§ Instructions for the task
Exclude images and print all the records verbatim.

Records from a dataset
────────────────────

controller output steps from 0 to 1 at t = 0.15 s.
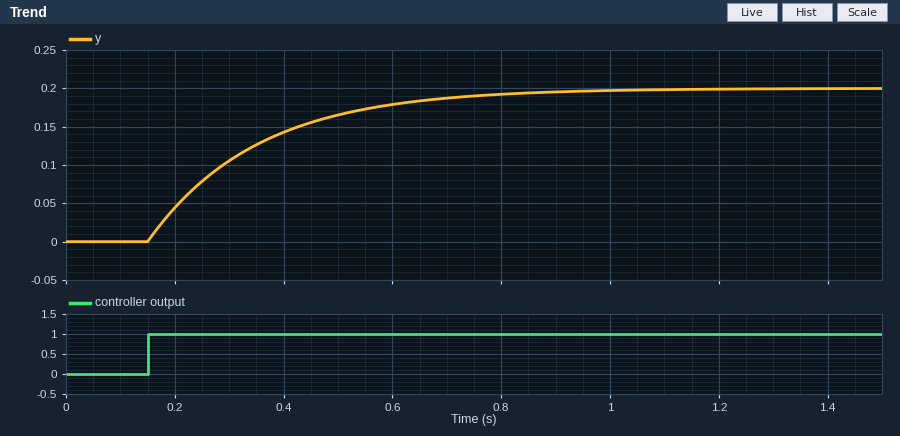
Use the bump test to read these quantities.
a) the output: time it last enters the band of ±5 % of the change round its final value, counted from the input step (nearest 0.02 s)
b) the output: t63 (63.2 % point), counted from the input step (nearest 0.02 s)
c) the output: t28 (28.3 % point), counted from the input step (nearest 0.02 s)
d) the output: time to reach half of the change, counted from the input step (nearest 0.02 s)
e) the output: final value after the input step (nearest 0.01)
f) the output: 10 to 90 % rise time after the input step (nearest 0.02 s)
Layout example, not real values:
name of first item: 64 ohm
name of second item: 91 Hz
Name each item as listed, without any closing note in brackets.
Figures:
the output: time it last enters the band of ±5 % of the change round its final value, counted from the input step: 0.60 s
the output: t63 (63.2 % point), counted from the input step: 0.20 s
the output: t28 (28.3 % point), counted from the input step: 0.06 s
the output: time to reach half of the change, counted from the input step: 0.14 s
the output: final value after the input step: 0.20
the output: 10 to 90 % rise time after the input step: 0.44 s
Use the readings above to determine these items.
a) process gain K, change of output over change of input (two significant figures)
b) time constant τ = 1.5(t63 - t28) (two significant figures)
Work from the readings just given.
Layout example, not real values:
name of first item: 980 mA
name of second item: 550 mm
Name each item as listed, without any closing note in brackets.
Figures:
process gain K, change of output over change of input: 0.20
time constant τ = 1.5(t63 - t28): 0.21 s

────────────────────

§ Your response
controller output steps from 0 to 1 at t = 0.15 s.
Use the bump test to read these quantities.
a) the output: time it last enters the band of ±5 % of the change round its final value, counted from the input step (nearest 0.02 s)
b) the output: t63 (63.2 % point), counted from the input step (nearest 0.02 s)
c) the output: t28 (28.3 % point), counted from the input step (nearest 0.02 s)
d) the output: time to reach half of the change, counted from the input step (nearest 0.02 s)
e) the output: final value after the input step (nearest 0.01)
f) the output: 10 to 90 % rise time after the input step (nearest 0.02 s)
Layout example, not real values:
name of first item: 64 ohm
name of second item: 91 Hz
Name each item as listed, without any closing note in brackets.
Figures:
the output: time it last enters the band of ±5 % of the change round its final value, counted from the input step: 0.60 s
the output: t63 (63.2 % point), counted from the input step: 0.20 s
the output: t28 (28.3 % point), counted from the input step: 0.06 s
the output: time to reach half of the change, counted from the input step: 0.14 s
the output: final value after the input step: 0.20
the output: 10 to 90 % rise time after the input step: 0.44 s
Use the readings above to determine these items.
a) process gain K, change of output over change of input (two significant figures)
b) time constant τ = 1.5(t63 - t28) (two significant figures)
Work from the readings just given.
Layout example, not real values:
name of first item: 980 mA
name of second item: 550 mm
Name each item as listed, without any closing note in brackets.
Figures:
process gain K, change of output over change of input: 0.20
time constant τ = 1.5(t63 - t28): 0.21 s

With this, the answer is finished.